If you find that log files are not being written to S3 or the JSON is invalid you should log into the Fastly control panel (credentials are available in govuk-secrets) and check the logging configuration of the service in question. The expected JSON formatting of CDN logs is defined in the infra-fastly-logs terraform project and this should be checked to see if it was changed recently and/or matches what is defined in the Fastly console.

How to check the “GOV.UK fastly logs” crawler

  1. Sign into the AWS console for the appropriate environment.
  2. Browse to AWS Glue and navigate to the “Crawlers” section.
  3. Find the crawler appropriate for the database, for example “Assets fastly logs” is for the “govuk_assets” database.
  4. View the logs from the last run by clicking the “Logs” link.
  5. Check the crawler has run in a recent time period (it should run once every 4 hours).

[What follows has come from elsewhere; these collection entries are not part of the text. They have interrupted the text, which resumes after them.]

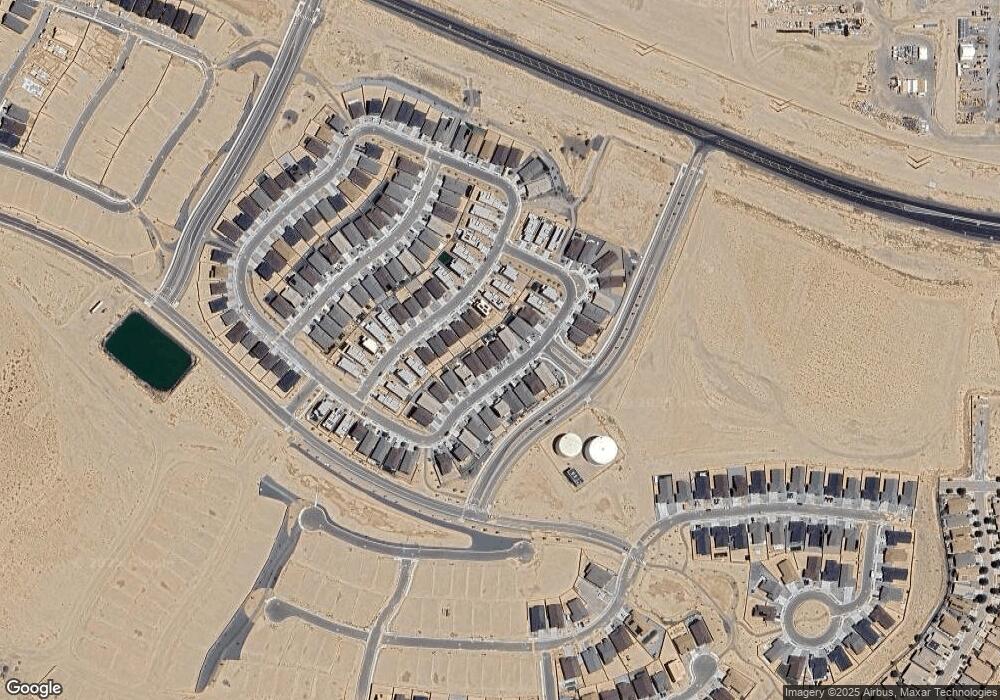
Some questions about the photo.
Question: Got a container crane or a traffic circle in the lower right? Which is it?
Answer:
traffic circle
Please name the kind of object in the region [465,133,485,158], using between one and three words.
house
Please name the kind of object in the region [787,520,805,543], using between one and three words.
house
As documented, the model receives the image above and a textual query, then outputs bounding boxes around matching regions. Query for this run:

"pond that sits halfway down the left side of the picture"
[100,305,197,395]
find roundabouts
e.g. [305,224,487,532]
[785,590,838,646]
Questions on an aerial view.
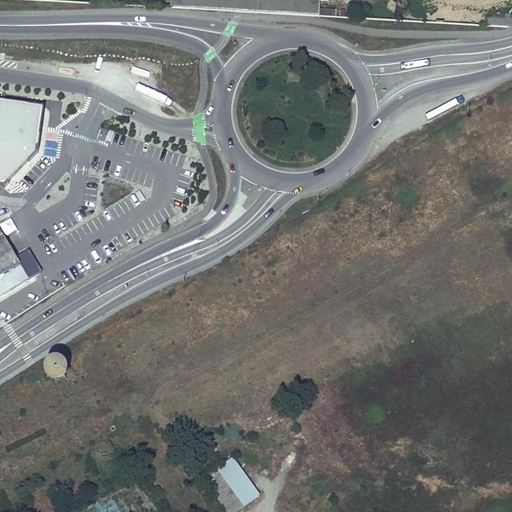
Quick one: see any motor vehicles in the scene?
Yes
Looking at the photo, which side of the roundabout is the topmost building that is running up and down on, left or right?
on the left
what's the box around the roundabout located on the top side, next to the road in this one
[213,29,376,192]
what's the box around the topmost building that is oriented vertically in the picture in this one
[0,98,45,192]
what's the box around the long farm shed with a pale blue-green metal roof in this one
[220,458,260,506]
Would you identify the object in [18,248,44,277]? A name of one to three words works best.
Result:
building
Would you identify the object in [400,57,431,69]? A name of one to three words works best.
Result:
vehicle
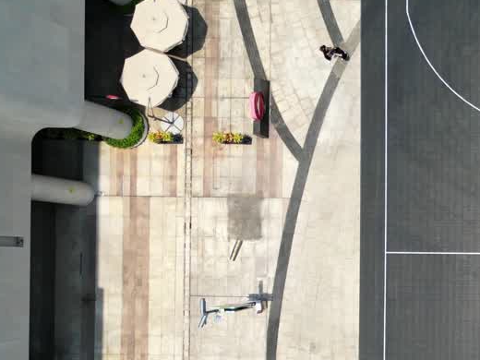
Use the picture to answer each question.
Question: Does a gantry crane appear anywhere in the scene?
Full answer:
No, I can see no gantry crane in this picture.
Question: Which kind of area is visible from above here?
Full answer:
It's a sports ground.
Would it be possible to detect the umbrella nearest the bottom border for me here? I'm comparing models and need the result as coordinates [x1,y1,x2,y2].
[119,48,183,134]
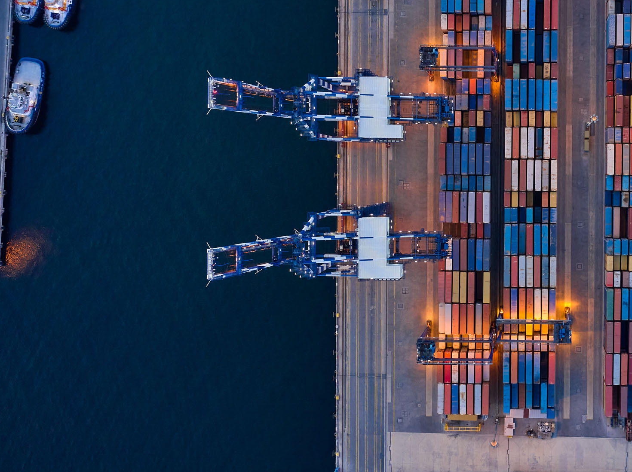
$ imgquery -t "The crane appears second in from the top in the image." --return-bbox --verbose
[206,63,456,151]
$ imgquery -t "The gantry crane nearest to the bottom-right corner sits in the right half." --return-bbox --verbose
[496,303,573,348]
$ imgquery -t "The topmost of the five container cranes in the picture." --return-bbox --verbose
[420,42,499,82]
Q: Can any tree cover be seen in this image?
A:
No
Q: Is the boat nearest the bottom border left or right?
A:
left
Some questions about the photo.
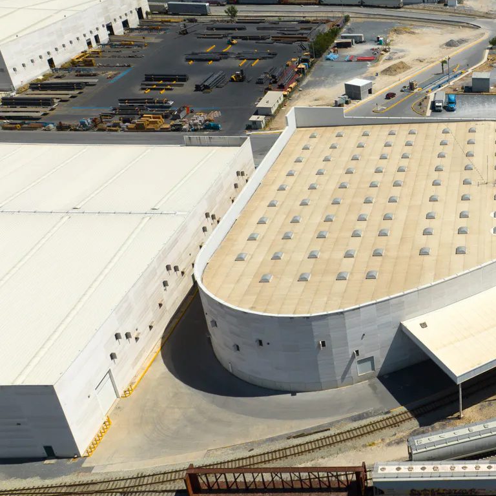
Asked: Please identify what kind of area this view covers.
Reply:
industrial area
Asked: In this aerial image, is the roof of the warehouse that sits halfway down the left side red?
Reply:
No
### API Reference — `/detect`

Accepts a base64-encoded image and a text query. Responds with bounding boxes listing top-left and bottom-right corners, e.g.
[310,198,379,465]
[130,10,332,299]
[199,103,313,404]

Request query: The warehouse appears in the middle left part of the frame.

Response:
[0,128,256,466]
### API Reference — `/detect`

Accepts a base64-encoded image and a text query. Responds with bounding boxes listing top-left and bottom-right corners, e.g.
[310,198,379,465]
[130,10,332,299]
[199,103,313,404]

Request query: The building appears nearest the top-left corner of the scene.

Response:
[0,0,150,89]
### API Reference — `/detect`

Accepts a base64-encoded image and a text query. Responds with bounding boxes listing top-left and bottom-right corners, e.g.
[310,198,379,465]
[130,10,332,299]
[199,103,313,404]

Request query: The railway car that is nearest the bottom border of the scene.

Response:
[371,459,496,496]
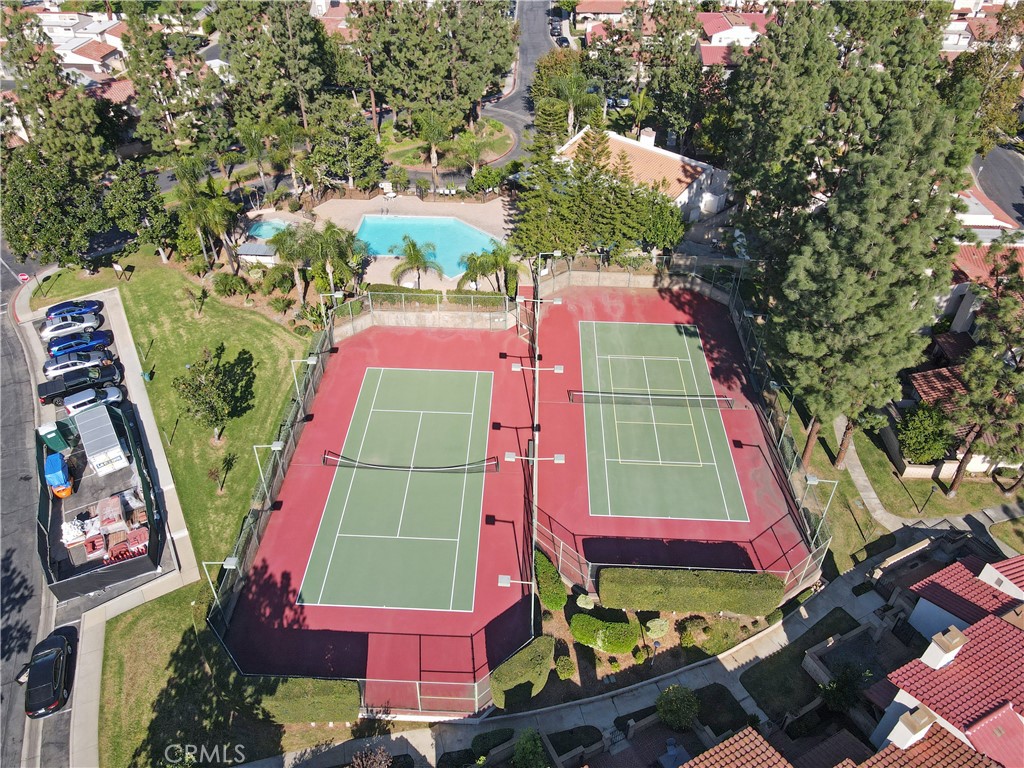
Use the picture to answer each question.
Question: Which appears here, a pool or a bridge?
pool
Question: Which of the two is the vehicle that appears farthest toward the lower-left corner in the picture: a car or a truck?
car
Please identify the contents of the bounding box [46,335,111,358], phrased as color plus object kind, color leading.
blue car
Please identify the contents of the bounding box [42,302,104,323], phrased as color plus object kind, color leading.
blue car
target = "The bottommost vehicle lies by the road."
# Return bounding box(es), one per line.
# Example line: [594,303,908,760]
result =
[18,639,81,723]
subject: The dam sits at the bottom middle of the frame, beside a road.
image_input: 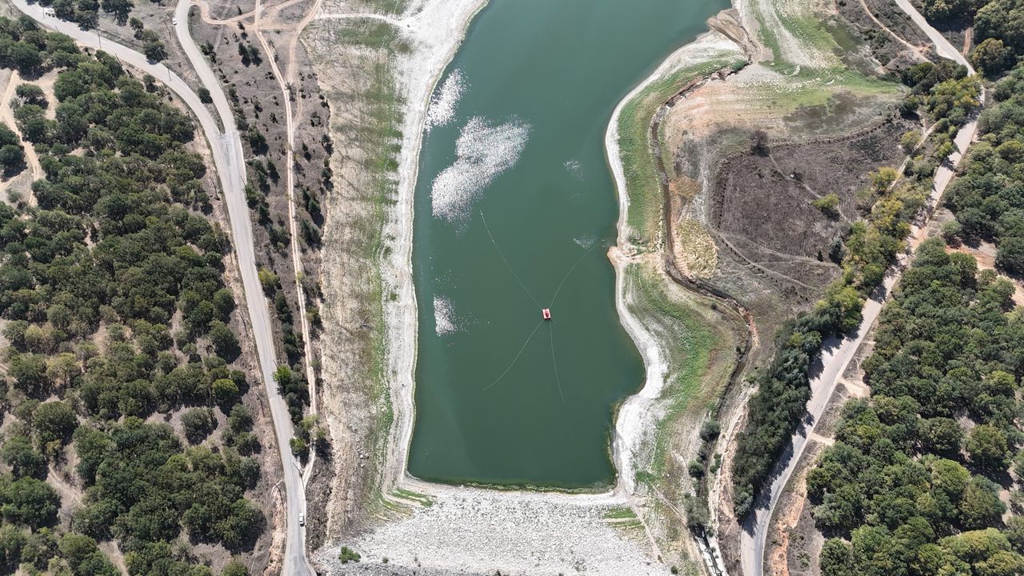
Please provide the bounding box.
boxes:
[315,484,667,576]

Any issues in the logs should help indicate where a problem may be. For example, if you see entries indicating that many files don’t match the expected schema it may be that the database schema and JSON structure don’t match. If you find any discrepancies or that the crawler isn’t running you should check that the configuration is correct in the infra-fastly-logs terraform project and that the configuration is applied.

Freshness warning

A freshness warning indicates that the Jenkins job to monitor the alerts has not reported a success or failure in a sufficiently long time period.

Causes for this could be: the Jenkins job no longer exists; the job has been misconfigured and isn’t able to run on a schedule anymore; or the job is running and there is a problem reporting it’s completed status.

To resolve these issues you should investigate Jenkins for signs of problems in the job and any downstream jobs it triggers.